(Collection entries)
------
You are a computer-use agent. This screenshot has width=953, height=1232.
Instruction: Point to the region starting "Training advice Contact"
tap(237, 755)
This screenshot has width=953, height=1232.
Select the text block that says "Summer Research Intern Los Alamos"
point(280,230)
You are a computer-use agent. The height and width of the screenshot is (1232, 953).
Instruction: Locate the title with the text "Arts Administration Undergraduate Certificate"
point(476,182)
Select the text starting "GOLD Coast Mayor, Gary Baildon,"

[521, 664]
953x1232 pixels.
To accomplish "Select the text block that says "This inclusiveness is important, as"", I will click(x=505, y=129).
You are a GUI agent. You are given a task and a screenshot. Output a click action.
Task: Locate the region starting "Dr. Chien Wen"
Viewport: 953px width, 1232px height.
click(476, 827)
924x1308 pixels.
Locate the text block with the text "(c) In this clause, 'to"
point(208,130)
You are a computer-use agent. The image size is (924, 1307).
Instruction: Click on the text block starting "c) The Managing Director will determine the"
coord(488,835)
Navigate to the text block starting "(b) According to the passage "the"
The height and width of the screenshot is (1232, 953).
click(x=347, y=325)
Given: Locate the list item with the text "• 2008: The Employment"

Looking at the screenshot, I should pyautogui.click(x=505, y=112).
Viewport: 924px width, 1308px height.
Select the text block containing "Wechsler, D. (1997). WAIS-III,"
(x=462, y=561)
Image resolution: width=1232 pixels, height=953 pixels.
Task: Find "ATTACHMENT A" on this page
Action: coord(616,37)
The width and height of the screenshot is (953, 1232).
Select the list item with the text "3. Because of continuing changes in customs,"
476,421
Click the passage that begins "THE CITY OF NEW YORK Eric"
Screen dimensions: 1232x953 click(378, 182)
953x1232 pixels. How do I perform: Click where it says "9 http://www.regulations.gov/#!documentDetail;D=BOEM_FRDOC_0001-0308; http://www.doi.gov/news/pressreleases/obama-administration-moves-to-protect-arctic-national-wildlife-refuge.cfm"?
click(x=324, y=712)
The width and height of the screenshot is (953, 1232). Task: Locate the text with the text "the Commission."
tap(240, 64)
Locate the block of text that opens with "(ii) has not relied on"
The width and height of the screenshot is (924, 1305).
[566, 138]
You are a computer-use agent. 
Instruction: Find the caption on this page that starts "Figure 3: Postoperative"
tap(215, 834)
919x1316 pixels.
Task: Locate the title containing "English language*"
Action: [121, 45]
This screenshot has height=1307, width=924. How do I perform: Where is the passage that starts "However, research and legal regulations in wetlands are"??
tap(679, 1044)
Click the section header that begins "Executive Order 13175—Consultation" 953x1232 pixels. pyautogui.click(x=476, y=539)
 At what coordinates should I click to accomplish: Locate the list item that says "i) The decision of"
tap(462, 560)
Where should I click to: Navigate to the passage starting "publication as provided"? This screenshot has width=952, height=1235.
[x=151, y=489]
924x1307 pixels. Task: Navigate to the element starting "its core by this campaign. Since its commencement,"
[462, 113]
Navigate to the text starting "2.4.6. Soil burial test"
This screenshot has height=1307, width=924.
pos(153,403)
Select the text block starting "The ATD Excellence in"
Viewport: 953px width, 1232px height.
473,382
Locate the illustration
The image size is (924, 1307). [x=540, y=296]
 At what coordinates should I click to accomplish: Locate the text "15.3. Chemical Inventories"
------
- Try it:
The expected answer is a copy of every line in the entries that holds the word "computer".

- Output for this task:
You are a computer-use agent. This screenshot has width=953, height=1232.
You are a computer-use agent. The height and width of the screenshot is (1232, 953).
You are a computer-use agent. The image size is (924, 1307).
You are a computer-use agent. 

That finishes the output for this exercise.